«В первые дни особенно пострадали евреи - их преследовали казаки, и если они не успели спрятаться, то уж пощады не ждали, - рассказывает бывший директор Монгольского национального банка Д. П. Першин. - Сколько было убито евреев, сказать трудно. Называли разные цифры, но можно думать, что душ пятьдесят или вроде этого. Русских же убито было значительно больше. Всех жертв барона насчитывают до полутораста-двухсот человек, но и это число, вероятно, преувеличено». Неоднократно высказывая неприязнь к евреям, которых он считал виновниками революции, а возможно, и «мировым злом» («комиссаров, коммунистов и евреев уничтожать вместе с семьями» - ещё одно из громогласных заявлений, не выполнявшихся реально), Унгерн умел и сдерживать её, и если через десять дней после взятия Урги приказ по дивизии воспрещал самочинные аресты «кроме евреев», то следующий параграф гласил: «Евреев, имеющих от меня записки, приказываю не задерживать». Не отрицая жестокости барона, нельзя и приписывать ей тотального или демонического характера, тем более что по свидетельству того же Першина - человека глубоко мирного и в другом месте справедливо обвинявшего Унгерна в неуравновешенности - многое происходило помимо начальника дивизии.
Но если во взаимоотношениях с монголами их «гость»-освободитель ограничивался в лучшем случае функциями консультанта, то русским населением Халхи и Кобдоского округа он считал себя вправе распоряжаться, не зная никаких ограничений.

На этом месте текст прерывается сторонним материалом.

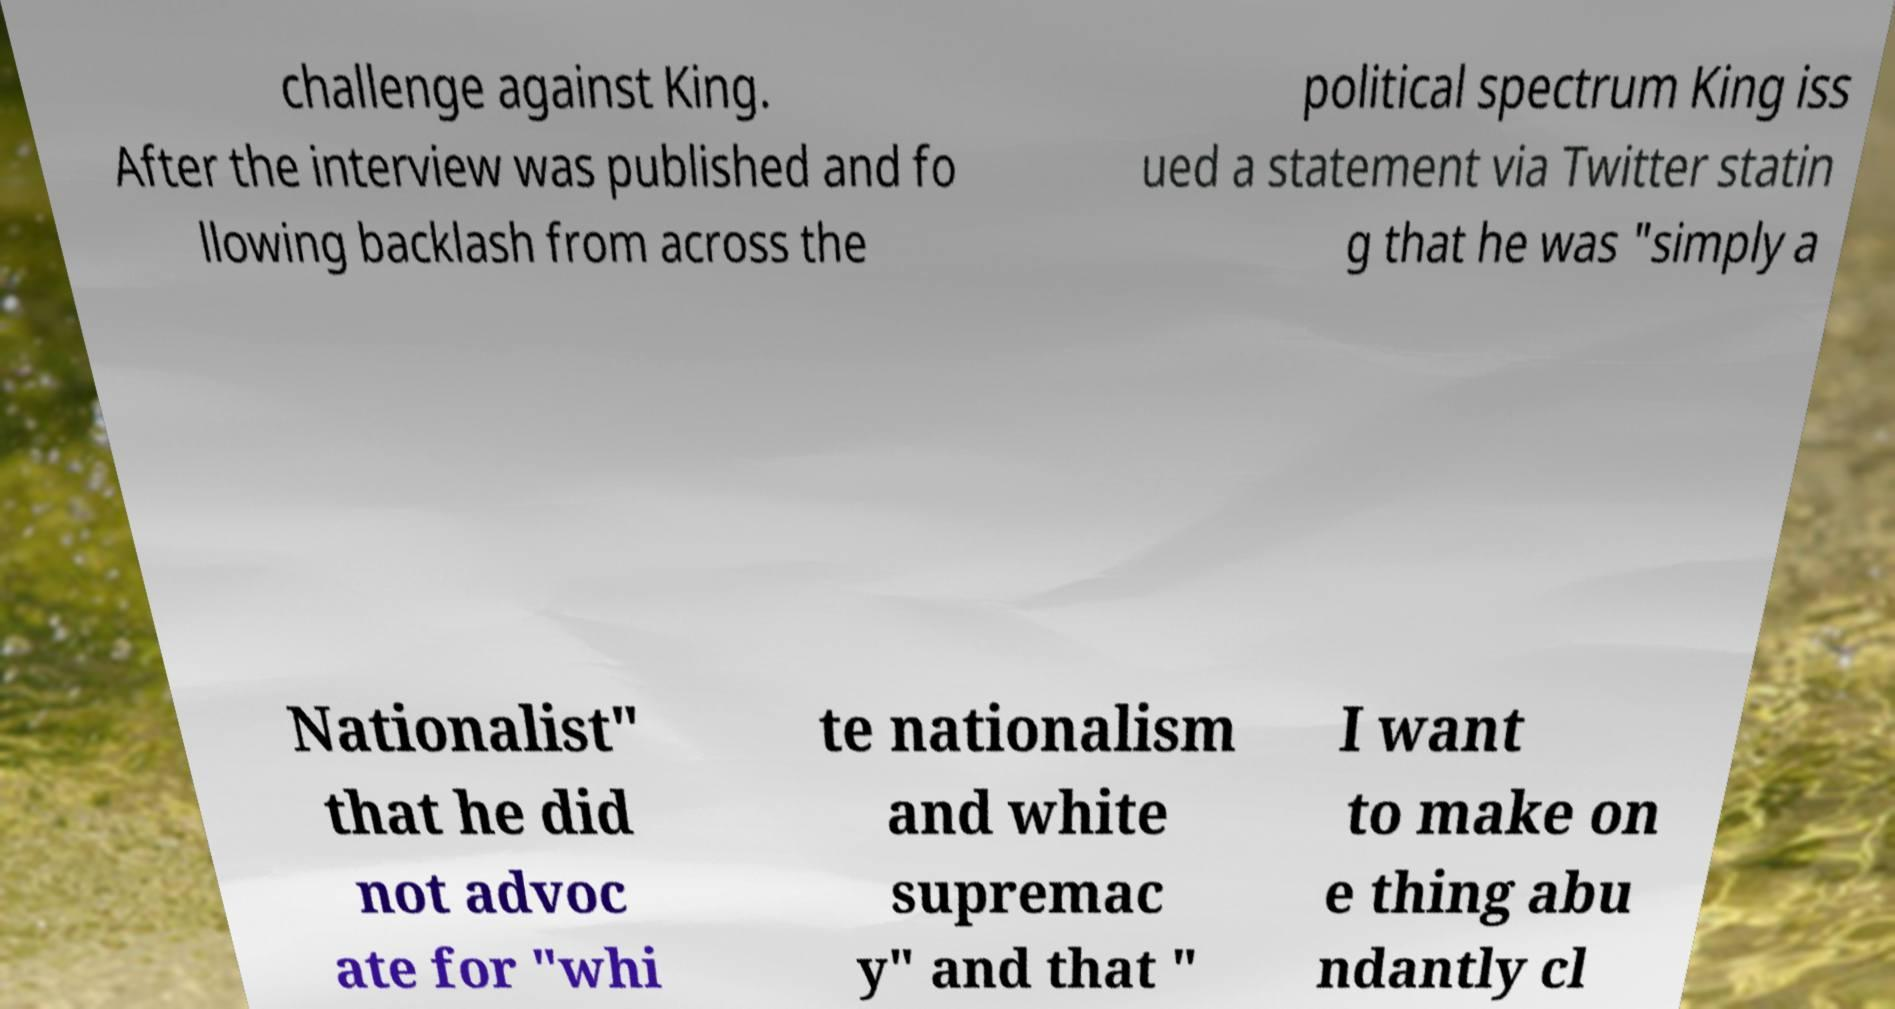For documentation purposes, I need the text within this image transcribed. Could you provide that? challenge against King. After the interview was published and fo llowing backlash from across the political spectrum King iss ued a statement via Twitter statin g that he was "simply a Nationalist" that he did not advoc ate for "whi te nationalism and white supremac y" and that " I want to make on e thing abu ndantly cl 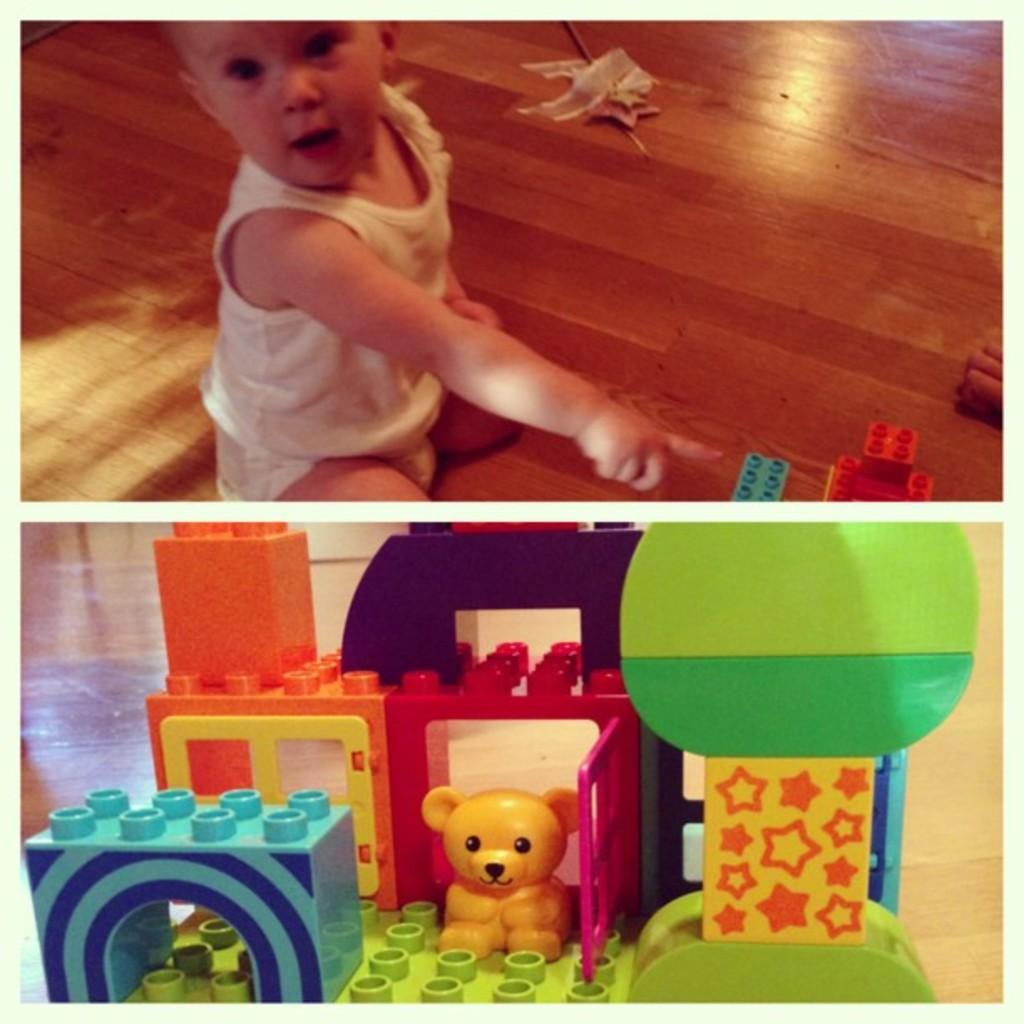What is the composition of the image? The image is a collage of two pictures. What can be seen in the first picture? In the first picture, a boy is wearing a dress. What is depicted in the second picture? The second picture shows a group of Lego toys placed on the ground. What type of arm is visible in the image? There is no arm present in the image; it features a boy wearing a dress and a group of Lego toys. How many nails can be seen in the image? There are no nails visible in the image.

Так, в Урге мобилизация была проведена под страхом смерти, хотя вряд ли попавший таким образом в ряды дивизии контингент отличался значительной боевой ценностью: сложно сказать, усиливали или ослабляли ряды унгерновцев представители русской колонии, прятавшиеся в Урге от Гражданской войны. Как бы то ни было, точка зрения, будто барон стремился создать армию «из мобилизованных монголов и русских добровольцев», выглядит ошибочной.
О «русских добровольцах» речь может идти, пожалуй, только применительно к организованным белогвардейским группировкам, независимо от Унгерна оказавшимся в Халхе, Кобдо и Синьцзяне. С освобождением монгольской столицы Роман Фёдорович получил возможность если не формального объединения, то хотя бы координации действий этих сил, в частности, в конце марта - начале апреля наладив связь с отрядами Атамана Енисейского Казачьего Войска полковника Казанцева и есаула Кайгородова и, очевидно, примерно в то же время - с отрядом полковника Казагранди. Именно они упоминаются в качестве командующих участками (секторами) наступления в знаменитом приказе Унгерна № 15 от 21 мая 1921 года, озаглавленном «Приказ русским отрядам на территории Советской Сибири» и открывшем собою новый этап борьбы — последний в бурной жизни барона.